Goal of the exercise ::
Check every line in the listing below for "right". Copy the ones where it occurs.

Data provided ::
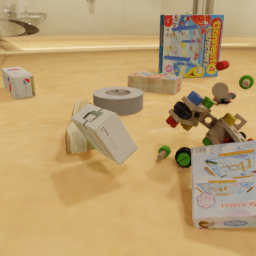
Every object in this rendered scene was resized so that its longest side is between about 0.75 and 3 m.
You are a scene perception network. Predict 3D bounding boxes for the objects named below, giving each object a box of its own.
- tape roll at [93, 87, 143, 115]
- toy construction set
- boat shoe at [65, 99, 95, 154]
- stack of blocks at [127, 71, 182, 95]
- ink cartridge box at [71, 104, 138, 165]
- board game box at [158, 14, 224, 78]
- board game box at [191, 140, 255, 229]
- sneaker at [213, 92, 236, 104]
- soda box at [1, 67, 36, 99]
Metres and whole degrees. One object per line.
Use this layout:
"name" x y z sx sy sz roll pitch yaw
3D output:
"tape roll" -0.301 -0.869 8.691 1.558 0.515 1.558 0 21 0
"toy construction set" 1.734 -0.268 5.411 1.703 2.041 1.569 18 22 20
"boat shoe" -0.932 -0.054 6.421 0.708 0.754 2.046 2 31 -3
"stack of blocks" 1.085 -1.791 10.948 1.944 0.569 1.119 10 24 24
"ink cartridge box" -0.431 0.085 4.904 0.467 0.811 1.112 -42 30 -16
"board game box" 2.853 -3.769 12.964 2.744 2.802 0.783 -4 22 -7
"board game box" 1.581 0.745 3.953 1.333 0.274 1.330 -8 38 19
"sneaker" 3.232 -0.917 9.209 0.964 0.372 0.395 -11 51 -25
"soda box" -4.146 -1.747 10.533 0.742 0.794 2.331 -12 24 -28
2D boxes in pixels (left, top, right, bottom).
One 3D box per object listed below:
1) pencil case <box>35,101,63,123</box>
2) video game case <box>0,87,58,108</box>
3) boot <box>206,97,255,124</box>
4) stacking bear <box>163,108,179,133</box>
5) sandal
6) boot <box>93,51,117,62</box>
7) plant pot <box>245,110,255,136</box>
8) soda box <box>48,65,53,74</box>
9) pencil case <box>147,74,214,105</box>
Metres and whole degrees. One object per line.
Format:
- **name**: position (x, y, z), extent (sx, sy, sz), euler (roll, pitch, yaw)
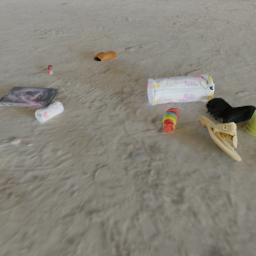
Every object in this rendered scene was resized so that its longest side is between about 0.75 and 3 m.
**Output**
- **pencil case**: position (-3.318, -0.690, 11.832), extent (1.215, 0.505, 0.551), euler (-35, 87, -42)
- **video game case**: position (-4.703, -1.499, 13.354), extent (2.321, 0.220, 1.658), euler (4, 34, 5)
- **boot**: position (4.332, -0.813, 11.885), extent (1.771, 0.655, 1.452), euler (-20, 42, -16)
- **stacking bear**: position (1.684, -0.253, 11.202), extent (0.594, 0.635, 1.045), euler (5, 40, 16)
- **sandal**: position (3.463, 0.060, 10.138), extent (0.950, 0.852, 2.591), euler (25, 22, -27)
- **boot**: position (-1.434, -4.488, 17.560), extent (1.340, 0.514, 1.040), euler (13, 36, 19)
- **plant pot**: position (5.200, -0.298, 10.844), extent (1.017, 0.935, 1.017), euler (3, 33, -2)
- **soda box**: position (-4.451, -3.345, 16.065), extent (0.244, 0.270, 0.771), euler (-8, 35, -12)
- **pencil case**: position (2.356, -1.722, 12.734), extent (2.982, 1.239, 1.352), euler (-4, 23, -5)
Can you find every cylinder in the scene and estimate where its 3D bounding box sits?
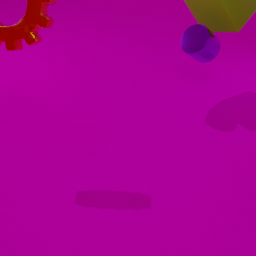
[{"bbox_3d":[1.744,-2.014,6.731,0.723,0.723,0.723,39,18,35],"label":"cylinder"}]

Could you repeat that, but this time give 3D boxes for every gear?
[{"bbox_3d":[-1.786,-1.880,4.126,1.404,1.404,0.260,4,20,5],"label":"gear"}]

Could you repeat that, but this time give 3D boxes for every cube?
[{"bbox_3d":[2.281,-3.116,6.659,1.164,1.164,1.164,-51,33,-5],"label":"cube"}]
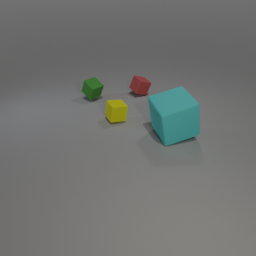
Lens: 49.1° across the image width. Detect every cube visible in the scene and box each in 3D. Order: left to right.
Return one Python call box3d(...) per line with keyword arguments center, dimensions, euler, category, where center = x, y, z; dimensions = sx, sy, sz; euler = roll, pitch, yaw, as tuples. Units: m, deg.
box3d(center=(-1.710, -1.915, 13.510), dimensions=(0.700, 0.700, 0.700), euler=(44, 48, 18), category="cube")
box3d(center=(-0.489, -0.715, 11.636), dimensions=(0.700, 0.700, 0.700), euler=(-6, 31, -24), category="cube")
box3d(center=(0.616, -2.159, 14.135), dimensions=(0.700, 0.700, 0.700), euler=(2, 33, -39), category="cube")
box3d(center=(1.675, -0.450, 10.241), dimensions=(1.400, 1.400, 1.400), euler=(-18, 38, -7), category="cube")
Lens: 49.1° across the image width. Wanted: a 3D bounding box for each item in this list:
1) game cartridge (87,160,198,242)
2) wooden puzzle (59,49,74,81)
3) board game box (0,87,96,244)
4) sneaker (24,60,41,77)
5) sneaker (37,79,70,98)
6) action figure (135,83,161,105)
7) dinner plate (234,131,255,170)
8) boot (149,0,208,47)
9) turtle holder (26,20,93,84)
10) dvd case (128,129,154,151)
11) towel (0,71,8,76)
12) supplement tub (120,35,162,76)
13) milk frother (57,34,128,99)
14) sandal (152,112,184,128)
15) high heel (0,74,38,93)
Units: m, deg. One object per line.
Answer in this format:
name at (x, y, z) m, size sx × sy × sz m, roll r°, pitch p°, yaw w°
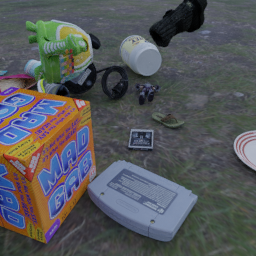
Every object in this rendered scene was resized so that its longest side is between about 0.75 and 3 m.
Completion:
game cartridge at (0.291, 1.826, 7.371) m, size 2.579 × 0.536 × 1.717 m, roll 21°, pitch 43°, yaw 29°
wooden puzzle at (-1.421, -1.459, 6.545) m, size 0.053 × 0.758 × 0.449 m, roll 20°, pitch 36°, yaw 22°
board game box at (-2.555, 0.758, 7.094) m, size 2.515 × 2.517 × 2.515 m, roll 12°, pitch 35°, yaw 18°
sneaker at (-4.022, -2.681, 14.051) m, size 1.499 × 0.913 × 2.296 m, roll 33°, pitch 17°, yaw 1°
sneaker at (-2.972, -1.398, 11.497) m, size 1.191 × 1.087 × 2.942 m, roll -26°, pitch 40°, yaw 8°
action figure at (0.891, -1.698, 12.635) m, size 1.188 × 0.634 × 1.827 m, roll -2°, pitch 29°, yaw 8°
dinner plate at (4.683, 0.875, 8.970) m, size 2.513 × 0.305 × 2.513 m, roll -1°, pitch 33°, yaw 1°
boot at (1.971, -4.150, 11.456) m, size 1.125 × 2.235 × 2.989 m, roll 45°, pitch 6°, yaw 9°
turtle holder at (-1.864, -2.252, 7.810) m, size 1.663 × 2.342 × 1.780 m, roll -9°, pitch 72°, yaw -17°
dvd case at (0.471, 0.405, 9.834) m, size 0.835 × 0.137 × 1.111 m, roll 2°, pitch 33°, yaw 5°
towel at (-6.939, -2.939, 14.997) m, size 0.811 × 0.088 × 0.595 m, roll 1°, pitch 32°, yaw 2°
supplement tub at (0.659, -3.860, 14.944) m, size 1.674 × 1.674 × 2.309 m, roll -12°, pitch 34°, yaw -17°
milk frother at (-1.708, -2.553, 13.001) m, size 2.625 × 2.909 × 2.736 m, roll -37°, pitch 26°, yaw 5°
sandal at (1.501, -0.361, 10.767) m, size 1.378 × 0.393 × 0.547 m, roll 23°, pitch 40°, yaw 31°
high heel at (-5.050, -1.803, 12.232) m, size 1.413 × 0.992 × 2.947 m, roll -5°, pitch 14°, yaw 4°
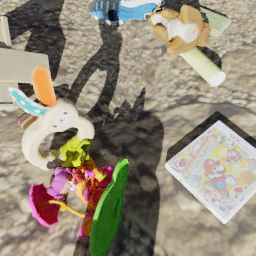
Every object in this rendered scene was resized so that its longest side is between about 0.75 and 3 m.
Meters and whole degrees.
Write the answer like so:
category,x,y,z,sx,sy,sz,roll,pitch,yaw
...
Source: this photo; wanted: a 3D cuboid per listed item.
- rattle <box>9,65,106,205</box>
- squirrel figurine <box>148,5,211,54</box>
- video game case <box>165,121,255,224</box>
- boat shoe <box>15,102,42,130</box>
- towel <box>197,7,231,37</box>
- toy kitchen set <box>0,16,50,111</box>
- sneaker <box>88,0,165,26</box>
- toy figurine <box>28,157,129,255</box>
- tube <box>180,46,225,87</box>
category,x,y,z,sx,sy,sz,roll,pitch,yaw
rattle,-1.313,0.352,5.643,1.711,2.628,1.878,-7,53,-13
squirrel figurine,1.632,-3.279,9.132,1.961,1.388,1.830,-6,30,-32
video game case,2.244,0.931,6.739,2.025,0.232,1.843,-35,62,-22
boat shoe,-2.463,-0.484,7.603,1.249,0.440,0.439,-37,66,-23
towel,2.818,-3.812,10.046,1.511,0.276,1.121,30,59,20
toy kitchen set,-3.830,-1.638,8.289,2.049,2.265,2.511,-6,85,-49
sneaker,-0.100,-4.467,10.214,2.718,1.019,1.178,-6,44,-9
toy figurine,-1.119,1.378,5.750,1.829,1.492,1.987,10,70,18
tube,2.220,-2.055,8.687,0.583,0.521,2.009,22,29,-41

Answer for the task ::
2D boxes in pixels (left, top, right, bottom).
Lens: 49.1° across the image width. Detect every cube visible in the scene and box each in 3D. Order: left to right.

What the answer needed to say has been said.